◆ **TASK REQUIREMENTS**: Copy every entry below exactly, and keep out the pictures.

◆ **INFORMATION GIVEN**:
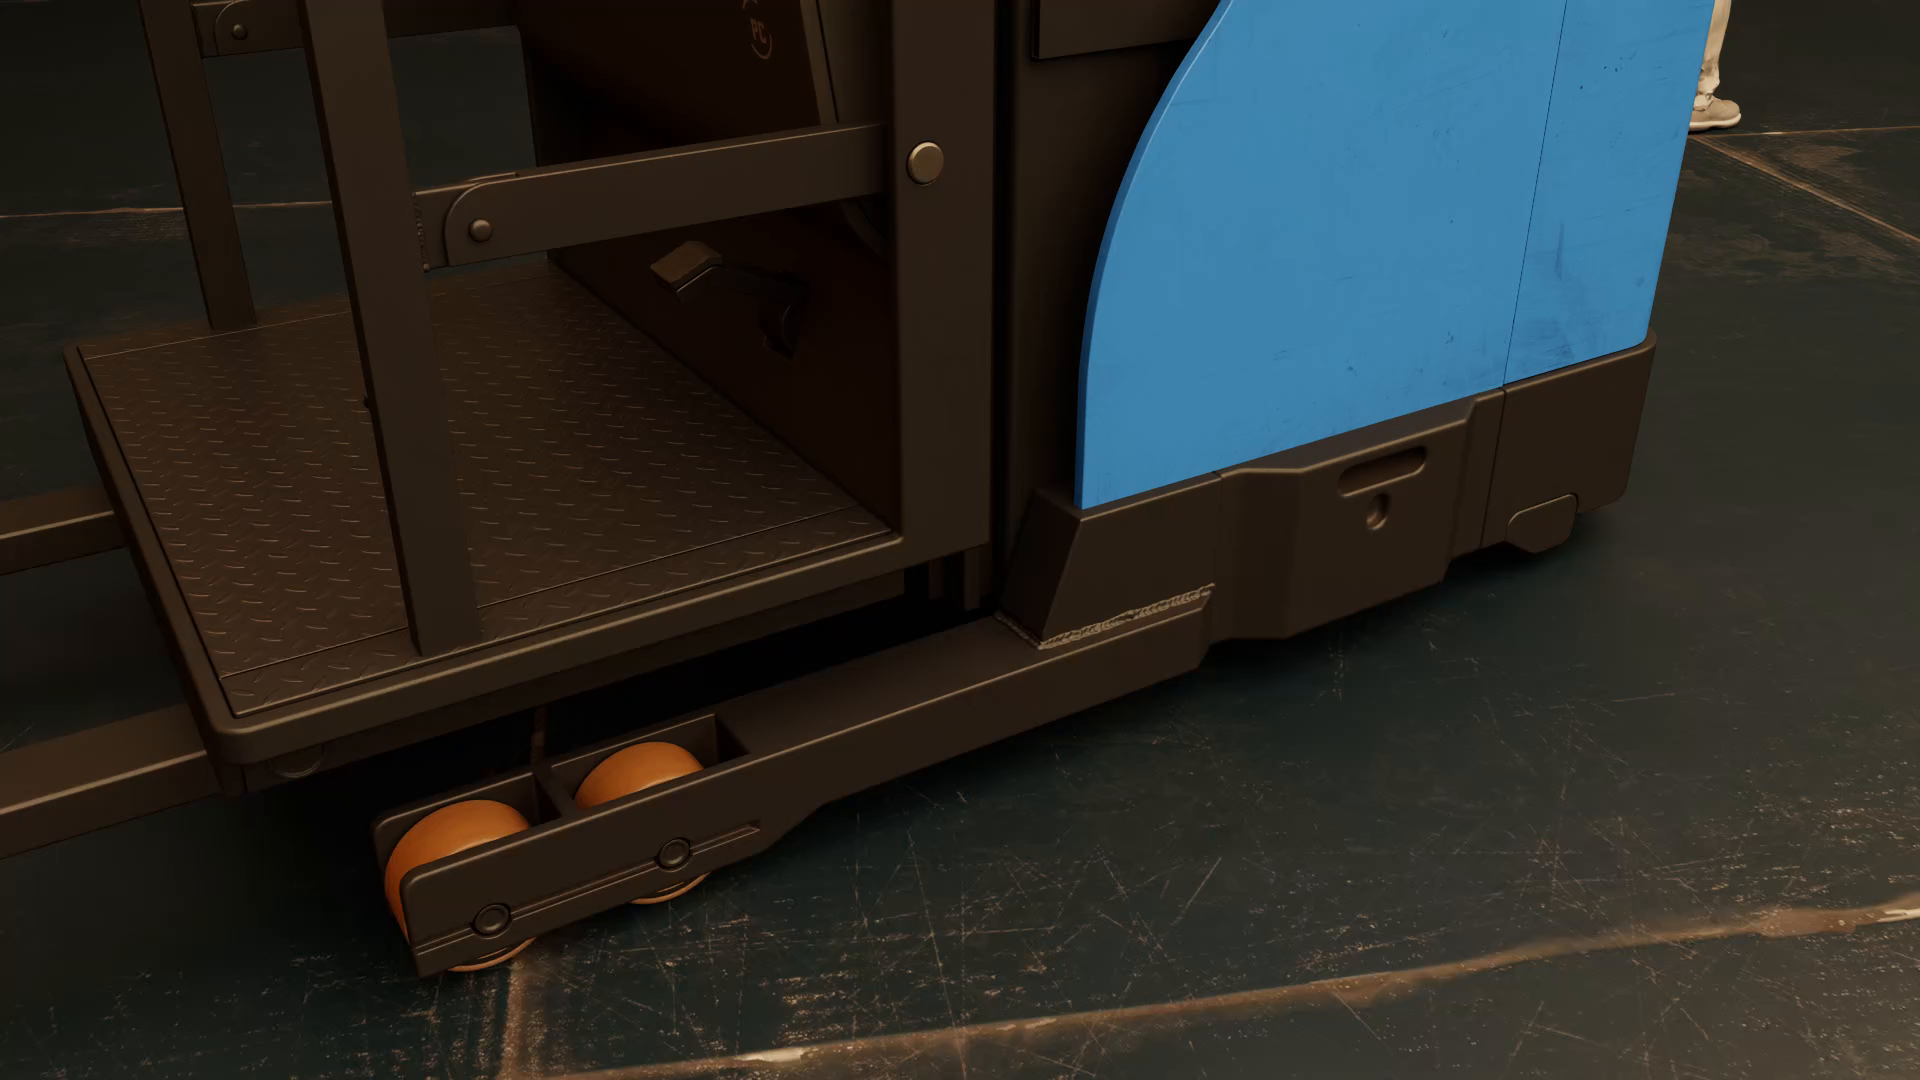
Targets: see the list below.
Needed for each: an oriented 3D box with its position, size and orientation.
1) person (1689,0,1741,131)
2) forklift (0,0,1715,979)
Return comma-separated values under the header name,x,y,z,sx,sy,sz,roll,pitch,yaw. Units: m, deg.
name,x,y,z,sx,sy,sz,roll,pitch,yaw
person,1.936,-1.951,4.405,0.541,1.664,0.374,19,33,32
forklift,-0.516,-1.144,1.529,3.031,2.935,1.130,-16,32,-28
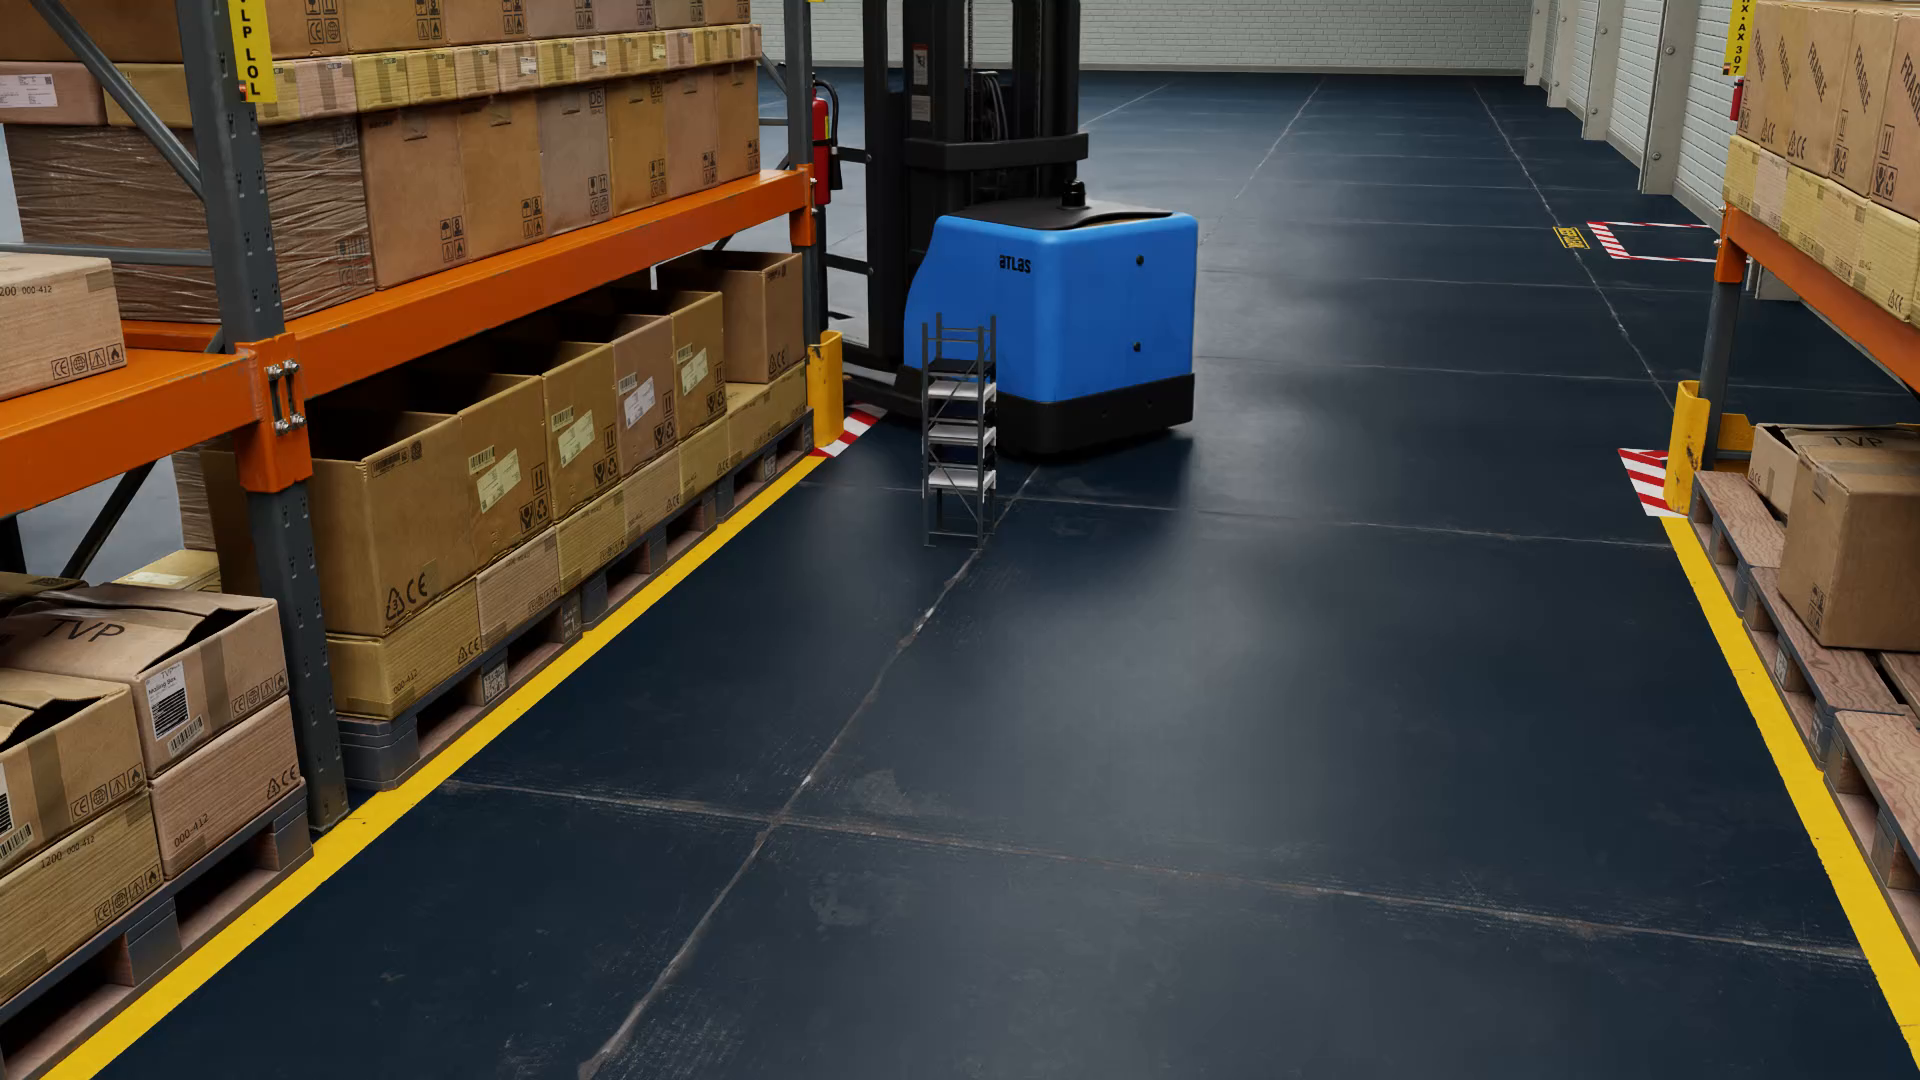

◆ **THE ANSWER**:
Targets: see the list below.
Needed for each: an oriented 3D box with its position, size and orientation.
1) person (1689,0,1741,131)
2) forklift (0,0,1715,979)
Return comma-separated values under the header name,x,y,z,sx,sy,sz,roll,pitch,yaw. Units: m, deg.
name,x,y,z,sx,sy,sz,roll,pitch,yaw
person,1.936,-1.951,4.405,0.541,1.664,0.374,19,33,32
forklift,-0.516,-1.144,1.529,3.031,2.935,1.130,-16,32,-28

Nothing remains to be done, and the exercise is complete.